Этого было более чем достаточно, чтобы сбить с толку бедного Эномая; его ярость стихла и уступила место сомнению, неуверенности, затем в нем заговорила жалость, нежность и, наконец, любовь, и когда Эвтибида, закрыв лицо руками, пошла к выходу, он вскочил и, загородив ей дорогу, произнес смиренно:

— Прости меня, Эвтибида… я сам не знаю, что говорю… что делаю… не покидай меня так… прошу тебя!

— Отойди, во имя богов, покровителей Афин! — сказала куртизанка, гордо подняв голову и глядя на германца с презрением; глаза ее были еще влажны от пролитых слез. — Отойди… оставь меня в покое и дай мне вдали от тебя пережить свой позор, свое горе, предаться сладким воспоминаниям о своей отвергнутой, разбитой любви.

— О нет… нет… я не допущу того, чтобы ты ушла… я не отпущу тебя, не позволю, чтобы ты так ушла… — говорил германец, схватив девушку за руки и ласково увлекая ее в глубь палатки. — Ты должна выслушать мои оправдания… Прости меня… прости меня, Эвтибида… прости, если я обидел тебя… сам не знаю… как будто бы не я говорил… гнев обуял меня… Выслушай меня, молю тебя.

— Неужели я опять должна выслушивать поношения и оскорбления? Отпусти, отпусти меня, Эномай, я не хочу испытать самого ужасного горя: увидеть, как ты снова набросишься на меня. Я не хочу умереть от твоей руки, со страшной мыслью, что ты — мой убийца!

— Нет, нет, Эвтибида, не считай меня способным на это, не пользуйся правом, данным мною тебе сегодня, презирать меня, не пользуйся благоприятным положением, в какое тебя поставила моя звериная злоба… не своди меня с ума; выслушай меня, выслушай, Эвтибида, или, клянусь священной змеей Мидгард,[173] я перережу себе горло на твоих глазах!

И он выхватил кинжал, висевший у него за поясом.

— Ах, нет, нет!.. Во имя молний Юпитера! — с притворным ужасом восклицала куртизанка, умоляюще протягивая к великану руки.

И слабым голосом она произнесла печально:

— Твоя жизнь слишком дорога для меня… слишком драгоценна… о мой обожаемый Эномай, о любовь моя!

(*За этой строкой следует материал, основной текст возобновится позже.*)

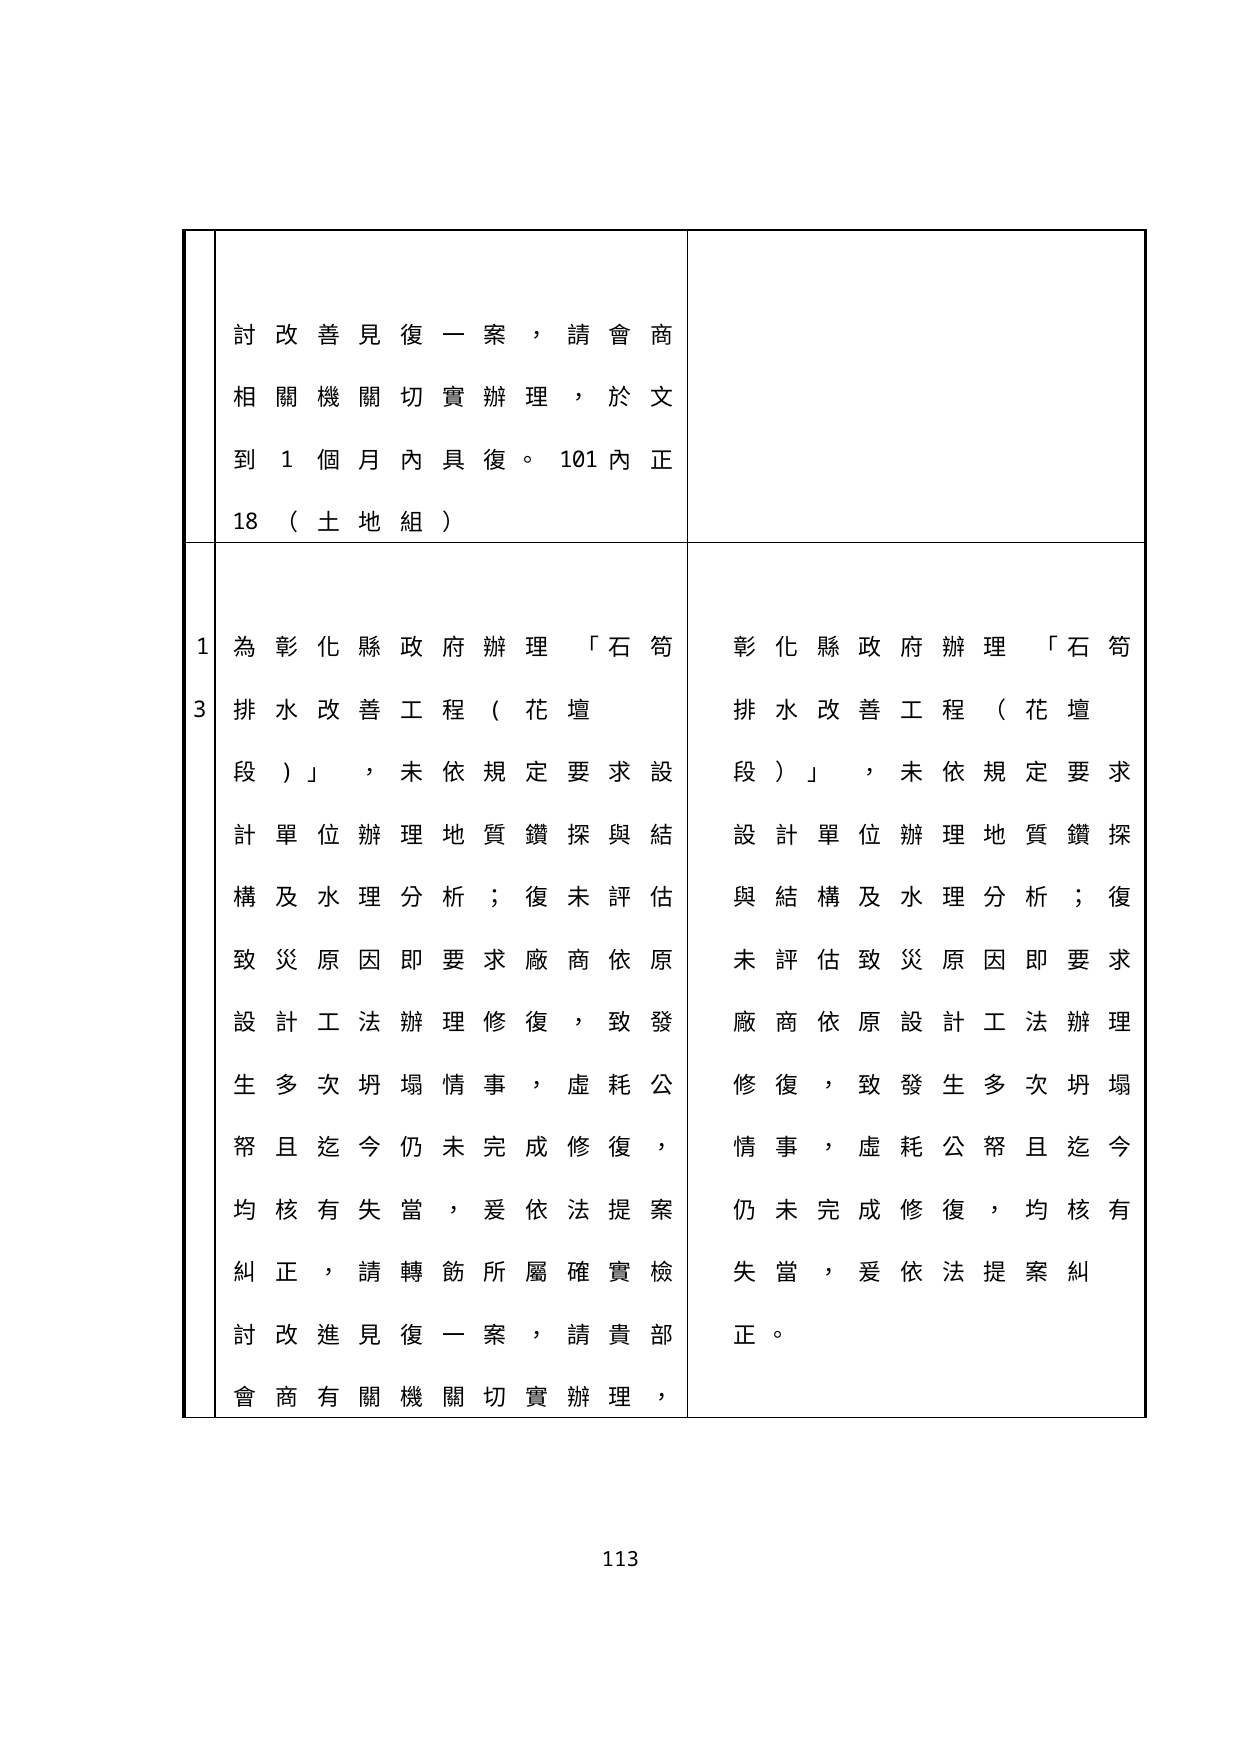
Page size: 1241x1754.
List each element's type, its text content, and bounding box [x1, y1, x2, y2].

table_cell [186, 231, 214, 542]
table_cell [688, 231, 1144, 542]
table_cell 為彰化縣政府辦理「石笱排水改善工程(花壇段)」，未依規定要求設計單位辦理地質鑽探與結構及水理分析；復未評估致災原因即要求廠商依原設計工法辦理修復，致發生多次坍塌情事，虛耗公帑且迄今仍未完成修復，均核有失當，爰依法提案糾正，請轉飭所屬確實檢討改進見復一案，請貴部會商有關機關切實辦理， [216, 543, 687, 1417]
table_cell 討改善見復一案，請會商相關機關切實辦理，於文到1個月內具復。101內正18（土地組） [216, 231, 687, 542]
table_cell 彰化縣政府辦理「石笱排水改善工程（花壇段）」，未依規定要求設計單位辦理地質鑽探與結構及水理分析；復未評估致災原因即要求廠商依原設計工法辦理修復，致發生多次坍塌情事，虛耗公帑且迄今仍未完成修復，均核有失當，爰依法提案糾正。 [688, 543, 1144, 1417]
table_cell 13 [186, 543, 214, 1417]

— О Эвтибида! О моя Эвтибида! — произнес он нежно голосом, в котором звучала искренняя любовь. — Прости меня, прости мой неразумный гнев, прости, прости меня…

— Ах, золотое сердце, благородная душа! — растроганно проговорила девушка, улыбаясь, и обвила руками шею колосса, простершегося у ее ног. — Прости и ты меня за то, что я разгневала тебя и довела до ярости.

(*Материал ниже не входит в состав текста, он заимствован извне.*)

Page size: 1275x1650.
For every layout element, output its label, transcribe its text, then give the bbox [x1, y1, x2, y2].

Крепко прижав Эвтибиду к груди, германец покрывал поцелуями ее лицо, а она шептала:

— Я так люблю тебя! Я не могла бы жить без тебя! Простим друг друга и забудем о случившемся.

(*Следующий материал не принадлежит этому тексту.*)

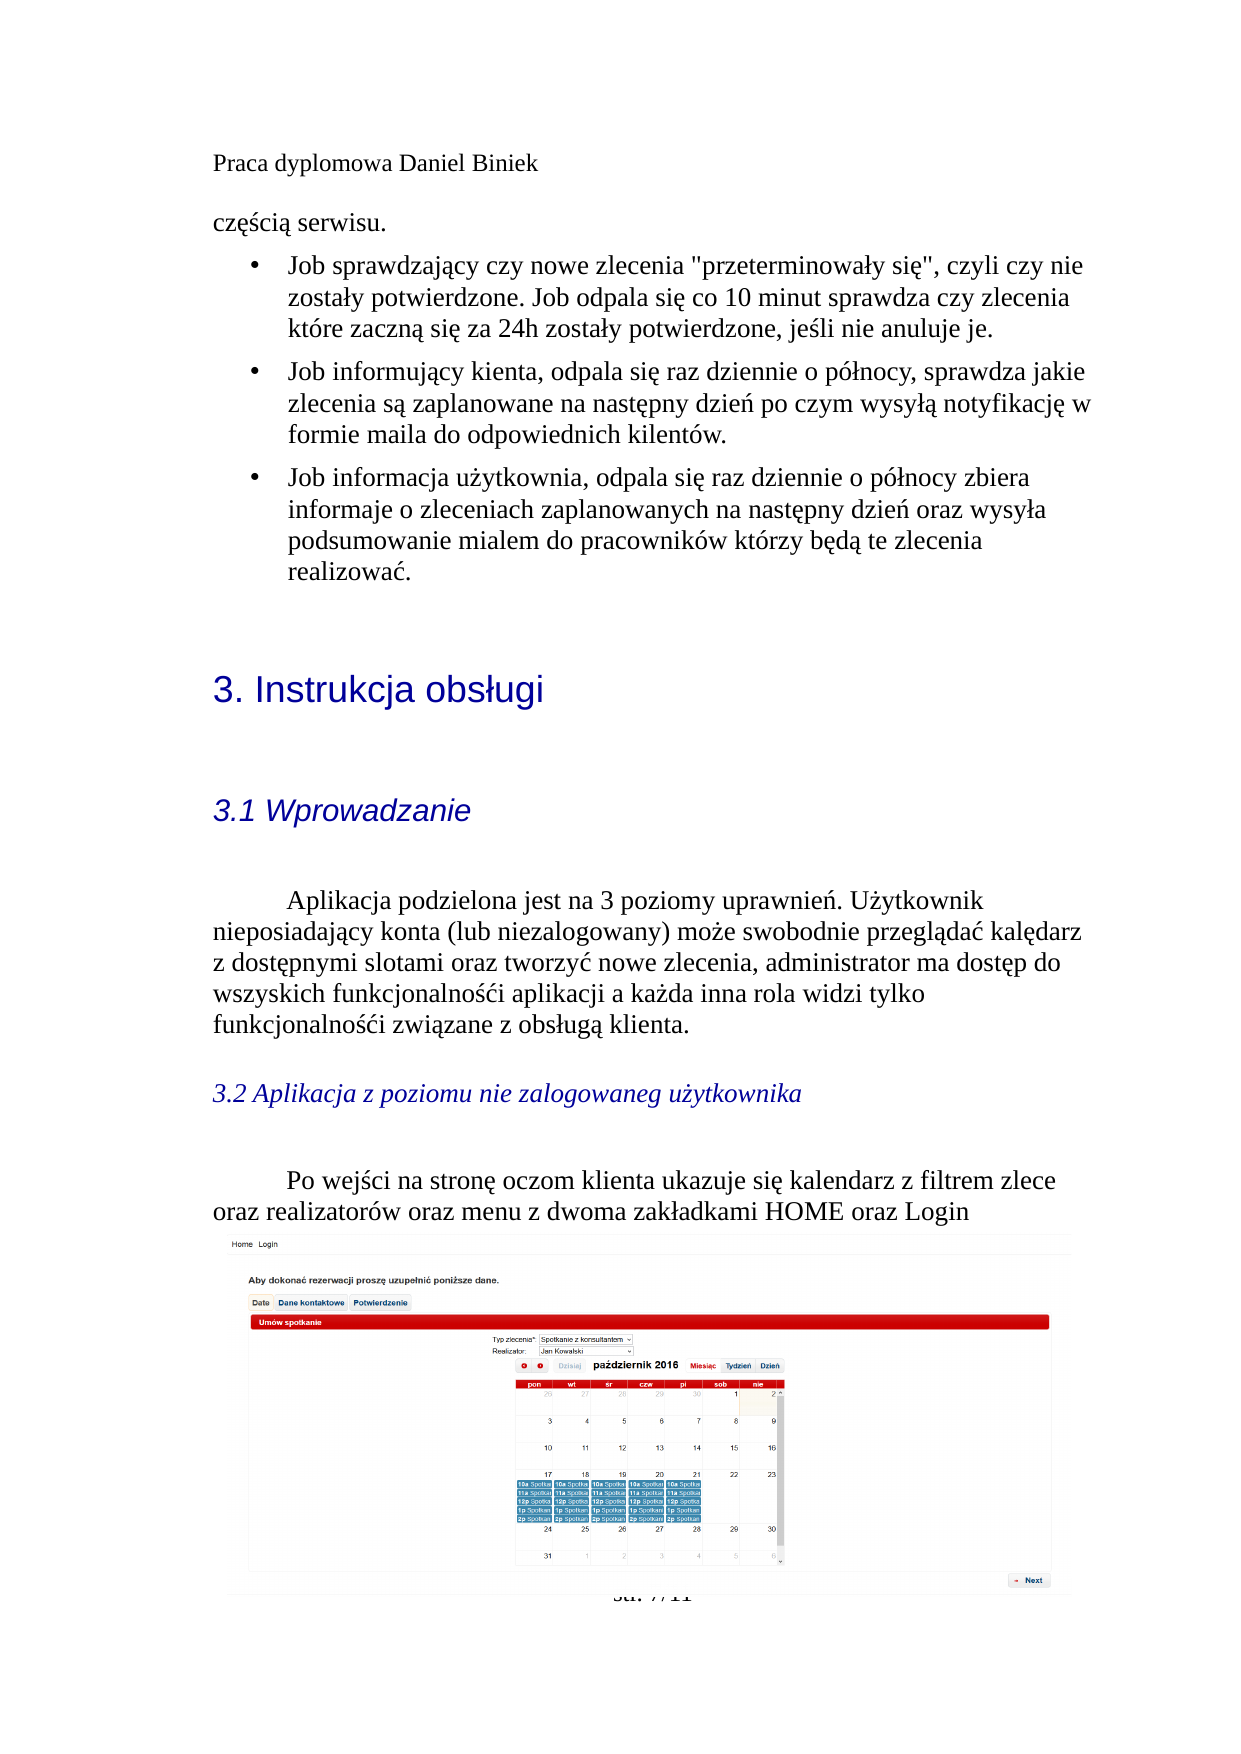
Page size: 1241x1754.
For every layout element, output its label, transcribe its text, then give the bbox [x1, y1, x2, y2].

— Добрая… великодушная моя Эвтибида!

И оба умолкли, слившись в тесном объятии. Эномай стоял на коленях перед Эвтибидой.

Первой нарушив молчание, она вкрадчиво спросила:

— Веришь ли ты, что я люблю тебя?

— Верю, так же, как верю во всемогущество бессмертного Одина и в то, что он разрешит мне в тот день, когда душа моя расстанется с телом, пройти по великому трехцветному мосту в великий град блаженных и отдохнуть под сенью исполинского ясеня Идразила.

— Тогда скажи, во имя золотых стрел Дианы, как же ты мог хотя бы одно мгновение усомниться в том, что я желаю тебе добра?

— Я никогда в этом не сомневался.

— А если ты в этом не сомневался и не сомневаешься, почему же ты отвергаешь мои советы, почему веришь вероломному другу, который предает тебя, а не женщине, которая тебя любит больше жизни и хочет, чтобы ты был великим и счастливым?

Эномай вздохнул и, ничего не ответив, поднялся и стал ходить взад и вперед по палатке.

Эвтибида украдкой наблюдала за ним; она сидела на скамье, облокотившись на стол, и, подпирая голову правой рукою, левой играла серебряным браслетом, изображавшим змею, кусавшую свой хвост; браслет этот она сняла с руки и положила на стол.

Так прошло две минуты. Оба молчали, потом Эвтибида, как будто говоря сама с собой, сказала:

— Может быть, я предупреждаю его из корысти? Предостерегаю его от чрезмерной откровенности его благородного сердца, от слепой доверчивости его честной натуры; указываю ему на все хитросплетения козней, которые самая черная измена готовит ему и бедным гладиаторам, восставшим в надежде на свободу, совершающим чудеса храбрости, меж тем как они обречены на участь во сто крат худшую, чем прежняя их судьба, — может быть, делая все это, я забочусь о своей выгоде, не так ли?

вернуться

173

Мидгард — в мифологии древних германцев бесконечной величины змея, погруженная Одином в море; там она, кусая свой хвост, заполнила своим телом всю землю. (Прим. автора.)